Anderson went out abruptly without waiting to make his purchase. He
felt as repelled as only a man of his temperament can feel. No woman
could equal his sense of utter disgust, first with the quite innocent
girl herself, next with the young physician for his insistence upon
the subject. His wrath against young Eastman, his unreasoning and
ridiculous wrath, swelled high as he dwelt upon the outrage of his
desertion of a girl like his little Charlotte, that little creature
of fire and dew, for this full-blown rose of a woman--the outrage to
her and to himself. When he got home, his mother inquired anxiously
what the matter was.

"Nothing, dear," he replied, brusquely.

"You look as if something worried you," said she. She had been taking
a little evening toddle on her tiny, slippered feet out in the
old-fashioned flower-garden beside the house, and she had a little
bunch of sweet herbs, which she dearly loved, in her hand. She
fastened a sprig of thyme in his coat as she stood talking to him,
and the insistent odor seemed as real as a presence when he breathed.
"nothing has gone wrong with your business, has there?" she inquired,
lovingly.

"No, mother," he replied, and moved away from her gently, with the
fragrance of the thyme strong in his consciousness.

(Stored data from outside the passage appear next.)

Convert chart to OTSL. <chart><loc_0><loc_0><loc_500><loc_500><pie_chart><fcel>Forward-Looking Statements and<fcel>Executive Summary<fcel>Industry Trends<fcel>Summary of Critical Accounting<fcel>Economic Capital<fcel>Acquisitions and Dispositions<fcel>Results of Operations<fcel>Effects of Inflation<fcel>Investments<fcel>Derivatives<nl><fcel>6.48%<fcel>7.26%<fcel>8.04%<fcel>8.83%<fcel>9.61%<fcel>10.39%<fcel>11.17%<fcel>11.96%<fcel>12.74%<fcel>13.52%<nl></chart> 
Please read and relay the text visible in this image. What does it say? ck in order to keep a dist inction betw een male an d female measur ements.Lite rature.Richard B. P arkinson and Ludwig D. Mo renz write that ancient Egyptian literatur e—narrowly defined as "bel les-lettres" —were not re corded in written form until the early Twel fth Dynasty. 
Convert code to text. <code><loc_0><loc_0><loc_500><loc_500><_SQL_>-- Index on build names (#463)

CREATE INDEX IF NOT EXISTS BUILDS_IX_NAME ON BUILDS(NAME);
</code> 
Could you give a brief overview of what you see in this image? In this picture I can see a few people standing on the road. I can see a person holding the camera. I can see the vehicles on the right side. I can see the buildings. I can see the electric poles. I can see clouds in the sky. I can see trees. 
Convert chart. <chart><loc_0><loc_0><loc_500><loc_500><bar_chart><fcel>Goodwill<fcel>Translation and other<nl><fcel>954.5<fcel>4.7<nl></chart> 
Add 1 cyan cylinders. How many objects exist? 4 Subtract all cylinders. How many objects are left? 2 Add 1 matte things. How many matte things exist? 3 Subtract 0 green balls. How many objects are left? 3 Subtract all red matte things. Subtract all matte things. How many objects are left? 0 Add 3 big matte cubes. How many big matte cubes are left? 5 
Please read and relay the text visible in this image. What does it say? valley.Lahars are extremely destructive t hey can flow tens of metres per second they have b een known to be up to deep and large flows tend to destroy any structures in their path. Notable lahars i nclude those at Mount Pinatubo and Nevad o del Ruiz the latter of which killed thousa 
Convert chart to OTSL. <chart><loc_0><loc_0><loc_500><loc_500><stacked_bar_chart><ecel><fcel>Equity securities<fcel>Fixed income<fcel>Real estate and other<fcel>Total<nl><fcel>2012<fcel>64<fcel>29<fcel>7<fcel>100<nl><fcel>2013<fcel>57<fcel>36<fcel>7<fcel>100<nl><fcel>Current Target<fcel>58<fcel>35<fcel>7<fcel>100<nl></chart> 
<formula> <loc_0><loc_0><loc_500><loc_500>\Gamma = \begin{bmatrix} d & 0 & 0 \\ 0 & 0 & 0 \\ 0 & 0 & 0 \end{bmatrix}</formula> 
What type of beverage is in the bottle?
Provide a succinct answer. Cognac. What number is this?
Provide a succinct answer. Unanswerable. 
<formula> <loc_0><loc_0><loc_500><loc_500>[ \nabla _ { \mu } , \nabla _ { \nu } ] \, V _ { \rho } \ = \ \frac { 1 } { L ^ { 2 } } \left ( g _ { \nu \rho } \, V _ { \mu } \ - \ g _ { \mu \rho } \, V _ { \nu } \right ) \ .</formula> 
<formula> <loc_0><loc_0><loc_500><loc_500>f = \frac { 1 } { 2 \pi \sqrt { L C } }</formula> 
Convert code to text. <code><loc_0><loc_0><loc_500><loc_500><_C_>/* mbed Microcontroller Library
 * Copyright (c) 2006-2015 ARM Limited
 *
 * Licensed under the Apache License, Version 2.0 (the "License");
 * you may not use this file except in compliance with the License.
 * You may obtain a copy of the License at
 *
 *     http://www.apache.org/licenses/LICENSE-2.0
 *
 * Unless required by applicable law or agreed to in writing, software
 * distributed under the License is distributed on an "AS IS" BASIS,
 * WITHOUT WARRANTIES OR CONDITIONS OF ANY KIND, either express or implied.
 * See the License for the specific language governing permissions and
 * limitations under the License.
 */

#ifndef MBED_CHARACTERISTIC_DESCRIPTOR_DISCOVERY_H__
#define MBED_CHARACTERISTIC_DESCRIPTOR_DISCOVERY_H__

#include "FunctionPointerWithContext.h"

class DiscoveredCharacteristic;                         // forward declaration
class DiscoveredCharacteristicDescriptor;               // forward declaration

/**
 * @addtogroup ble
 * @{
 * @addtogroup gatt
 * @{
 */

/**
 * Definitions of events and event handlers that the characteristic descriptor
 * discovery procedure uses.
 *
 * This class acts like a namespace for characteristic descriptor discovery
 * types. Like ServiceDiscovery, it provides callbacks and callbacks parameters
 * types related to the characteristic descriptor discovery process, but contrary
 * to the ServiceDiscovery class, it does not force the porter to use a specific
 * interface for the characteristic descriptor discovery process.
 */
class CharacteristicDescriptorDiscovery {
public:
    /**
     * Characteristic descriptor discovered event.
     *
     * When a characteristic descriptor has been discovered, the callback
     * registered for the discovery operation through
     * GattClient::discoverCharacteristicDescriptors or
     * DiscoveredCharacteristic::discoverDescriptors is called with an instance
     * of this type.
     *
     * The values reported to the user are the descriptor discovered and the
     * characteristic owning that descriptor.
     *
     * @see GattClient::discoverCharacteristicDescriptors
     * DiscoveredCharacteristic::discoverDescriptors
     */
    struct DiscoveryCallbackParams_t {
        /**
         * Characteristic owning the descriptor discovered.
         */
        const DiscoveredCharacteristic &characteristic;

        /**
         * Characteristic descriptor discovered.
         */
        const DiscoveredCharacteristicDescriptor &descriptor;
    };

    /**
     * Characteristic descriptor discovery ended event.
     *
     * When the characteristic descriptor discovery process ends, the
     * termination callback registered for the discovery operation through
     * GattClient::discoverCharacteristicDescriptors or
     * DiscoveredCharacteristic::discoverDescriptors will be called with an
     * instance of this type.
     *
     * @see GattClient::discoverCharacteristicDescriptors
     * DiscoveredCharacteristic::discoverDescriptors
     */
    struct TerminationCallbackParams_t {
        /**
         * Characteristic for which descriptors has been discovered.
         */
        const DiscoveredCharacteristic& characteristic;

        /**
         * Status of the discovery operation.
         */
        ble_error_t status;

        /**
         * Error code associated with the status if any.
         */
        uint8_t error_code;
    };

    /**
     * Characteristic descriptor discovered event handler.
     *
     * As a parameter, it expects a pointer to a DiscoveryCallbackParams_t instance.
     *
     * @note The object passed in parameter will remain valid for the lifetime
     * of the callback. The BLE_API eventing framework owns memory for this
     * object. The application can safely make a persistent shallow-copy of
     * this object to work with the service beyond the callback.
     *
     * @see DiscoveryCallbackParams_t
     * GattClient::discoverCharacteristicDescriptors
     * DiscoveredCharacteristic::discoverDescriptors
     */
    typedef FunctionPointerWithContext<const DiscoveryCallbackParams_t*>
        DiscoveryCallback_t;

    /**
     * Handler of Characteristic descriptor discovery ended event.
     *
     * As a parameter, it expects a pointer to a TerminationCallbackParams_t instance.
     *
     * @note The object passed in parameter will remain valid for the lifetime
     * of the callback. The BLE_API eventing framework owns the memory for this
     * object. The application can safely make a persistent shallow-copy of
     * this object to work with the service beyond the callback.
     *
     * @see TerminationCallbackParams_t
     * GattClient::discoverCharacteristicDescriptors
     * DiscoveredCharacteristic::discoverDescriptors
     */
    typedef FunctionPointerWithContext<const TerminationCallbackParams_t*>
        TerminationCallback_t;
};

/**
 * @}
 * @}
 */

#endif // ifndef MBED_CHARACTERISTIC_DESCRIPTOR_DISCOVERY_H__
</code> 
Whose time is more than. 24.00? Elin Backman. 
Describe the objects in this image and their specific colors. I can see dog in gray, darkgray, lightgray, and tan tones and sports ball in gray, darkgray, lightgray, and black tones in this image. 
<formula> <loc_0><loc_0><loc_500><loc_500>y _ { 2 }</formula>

His mother put her sweet nosegay in water. Then she went to bed, and
Anderson sat on the stoop. Young Eastman and the Van Dorn girl passed
after he sat there, and he thought with a loving passion of
protection of poor little Charlotte alone at home. "I'll warrant the
poor child is watching for that good-for-nothing scoundrel this
minute," he told himself. He would have liked to knock young Eastman
down; it would have delighted his soul to kick him; he would have
given a good deal to have had him at the top of the steps.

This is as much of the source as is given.